Platini et Rummenigge réussissent leur tir au but. C'est à Maxime Bossis, l'inébranlable défenseur qui a signé un match, parfait de s'élancer... et buter sur le portier adverse. Horst Hrubesch réussit l'ultime pénalty et propulse l'Allemagne en finale.

 

Que dire de la détresse qui s'est emparée des joueurs de l'équipe de France et de tout un peuple ? Les mots sont impuissants à décrire la tragédie vécue par les héros d'une nuit d'été inscrite dorénavant dans l'inconscient collectif d'une nation.
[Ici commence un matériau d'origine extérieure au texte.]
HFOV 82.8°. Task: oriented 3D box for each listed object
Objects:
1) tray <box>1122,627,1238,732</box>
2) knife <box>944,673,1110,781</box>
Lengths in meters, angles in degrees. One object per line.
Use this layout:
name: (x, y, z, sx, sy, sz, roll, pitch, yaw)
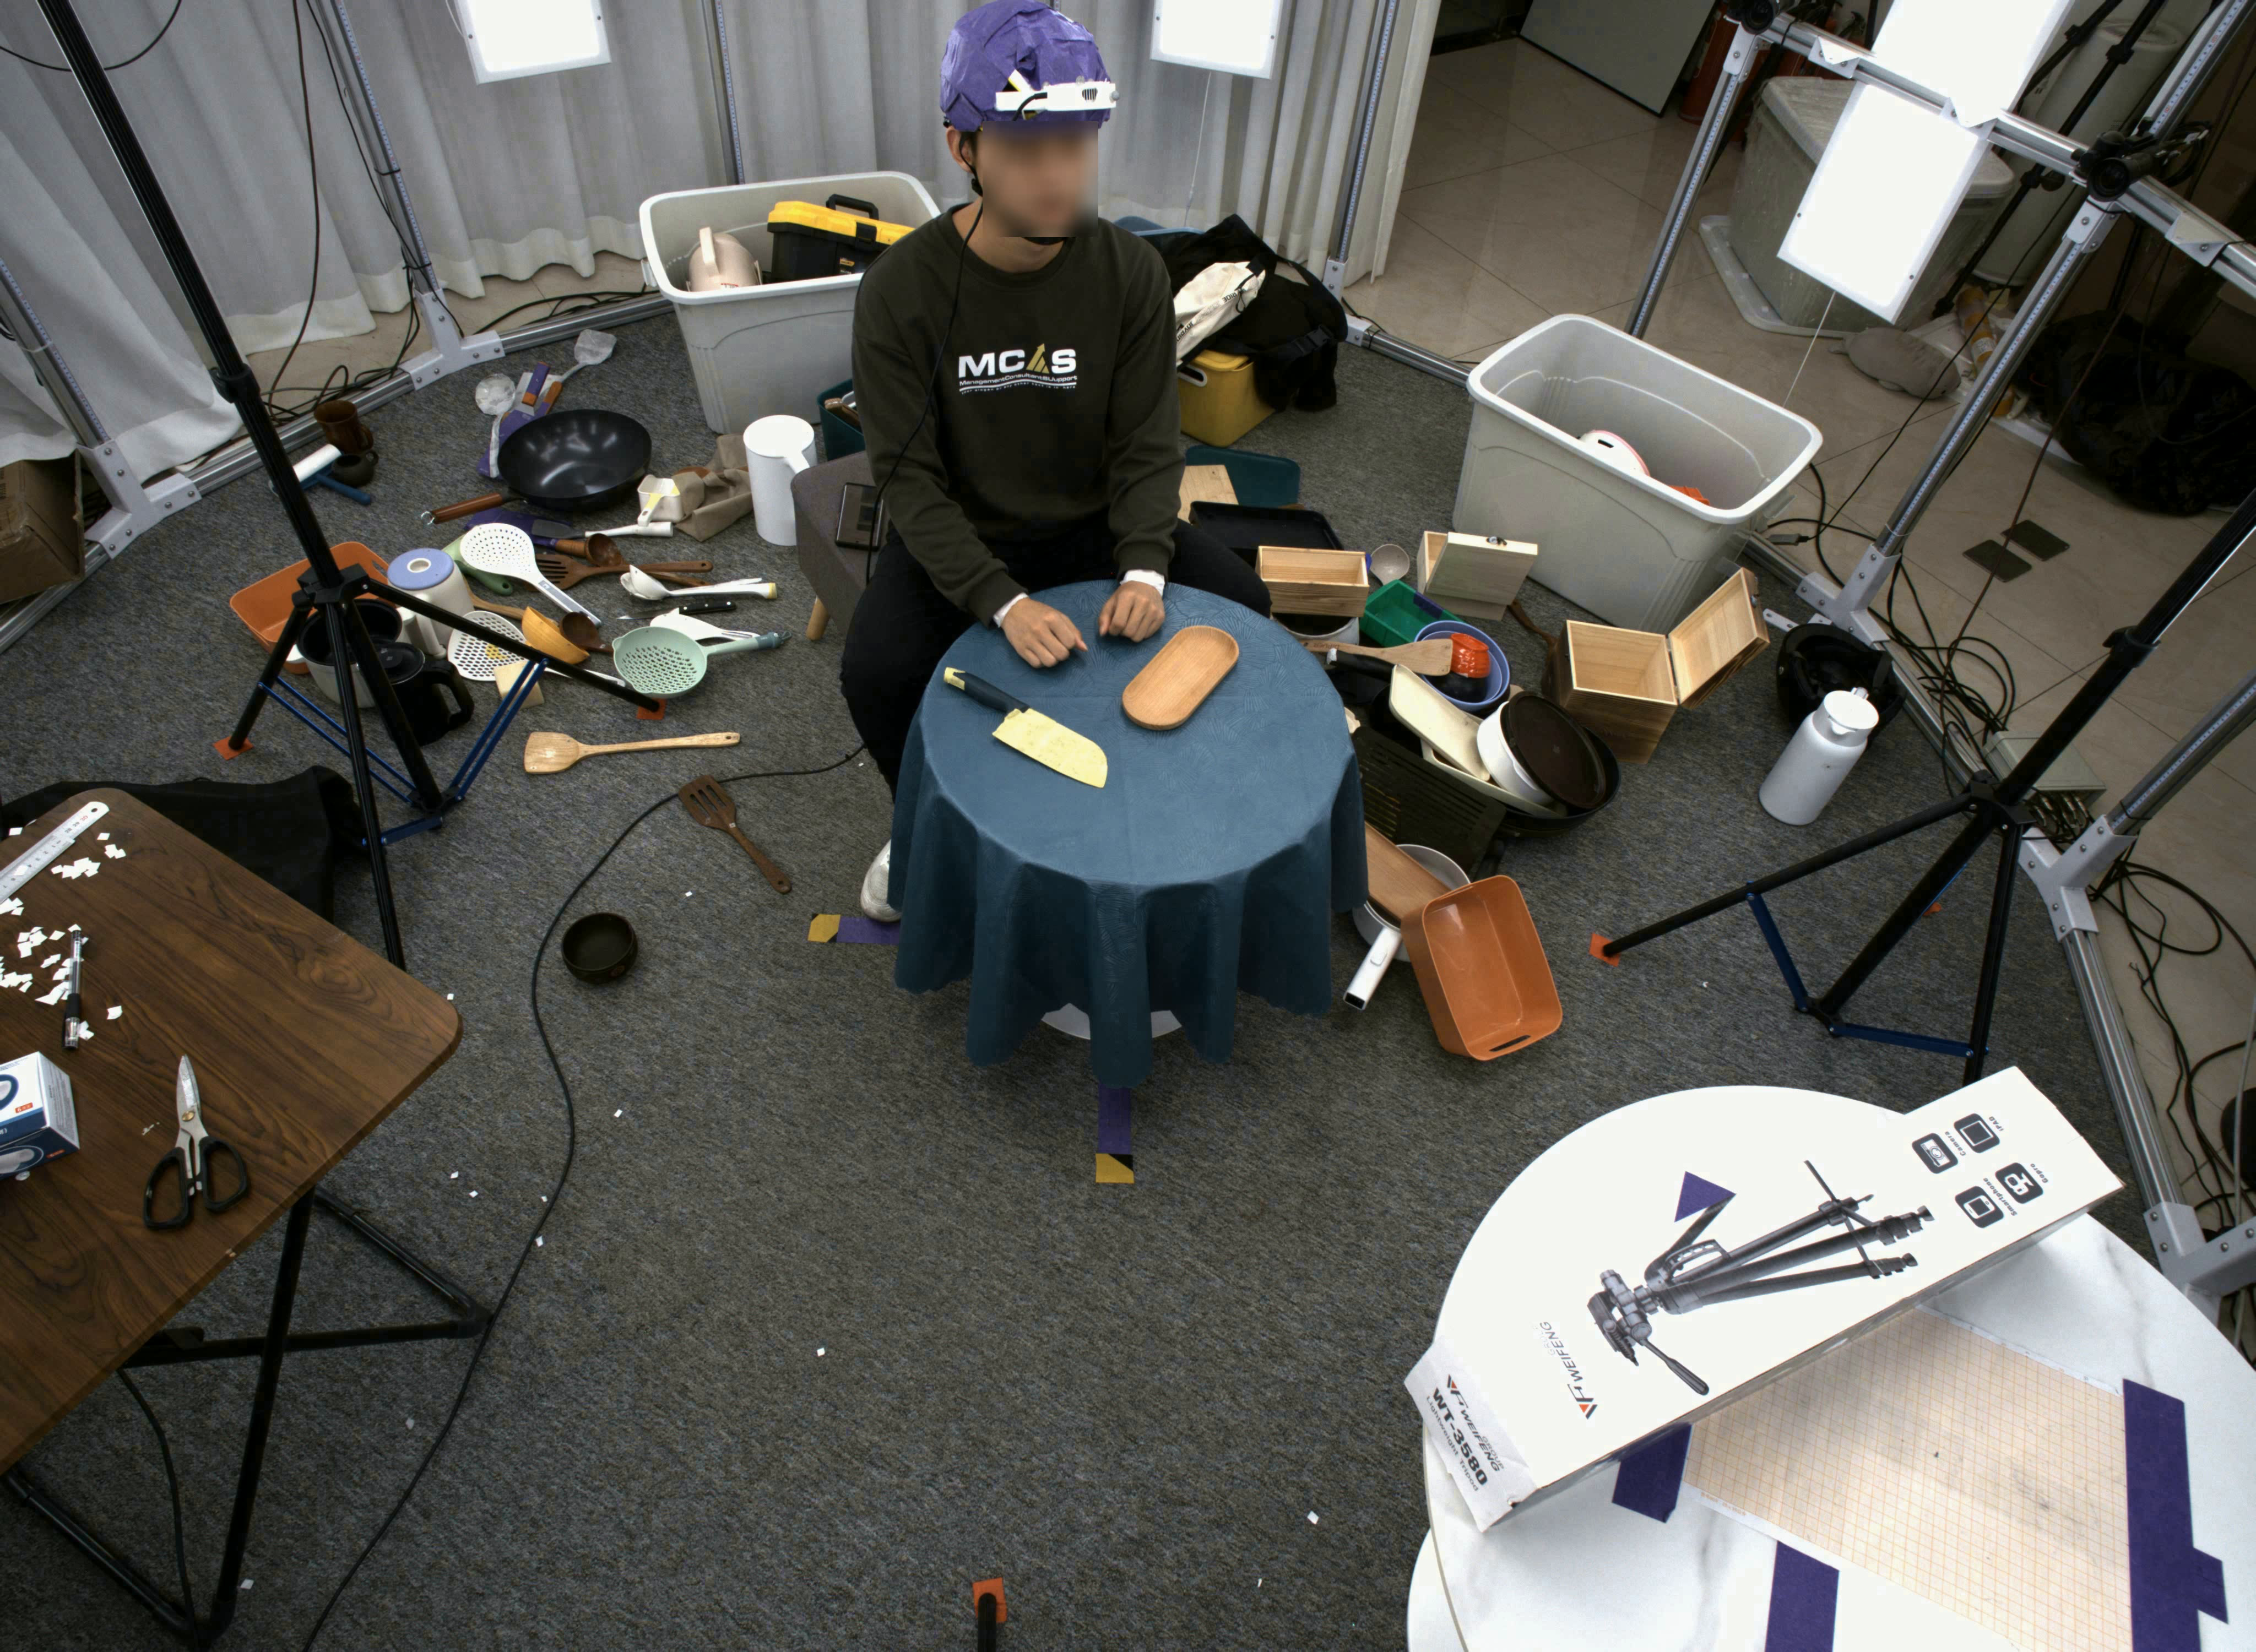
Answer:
tray: (0.077, -0.213, 1.847, 0.102, 0.020, 0.234, 26, 53, 19)
knife: (-0.145, -0.136, 1.766, 0.292, 0.026, 0.082, 30, 52, 20)

Les joueurs furent tellement abattus par le dénouement de cette magnifique mais cruelle rencontre, qu'ils se révélèrent incapables de batte la Pologne en match pour la troisième match.

 

Néanmoins, l'exceptionnel match des hommes d'Hidalgo prouva que les Français étaient capables de rivaliser avec les meilleures nations mondiales, conduisant deux ans plus tard l'équipe de France à remporter le titre olympique et surtout le championnat d'Europe, avant que Marseille puis le PSG ne se hissent sur le toit de l'Europe et que la bande à Zidane n'écrive l'histoire en bleu un soir de juillet 1998...

 

Quant à Schumacher (vainqueur avec l'Allemagne de l'Italie en finale), il lança à un journaliste venant de l'informer des blessures de Battiston "eh bien... je lui paiera ses couronnes."

 

L'équipe de France : Jean-Luc Ettori - Manuel Amoros, Marius Trésor, Maxime Bossis, Gérard Janvion - Jean Tigana, Bernard Genghini (puis Patrick Battiston et Christian Lopez), Alain Giresse, Michel Platini - Dominique Rocheteau, Didier Six.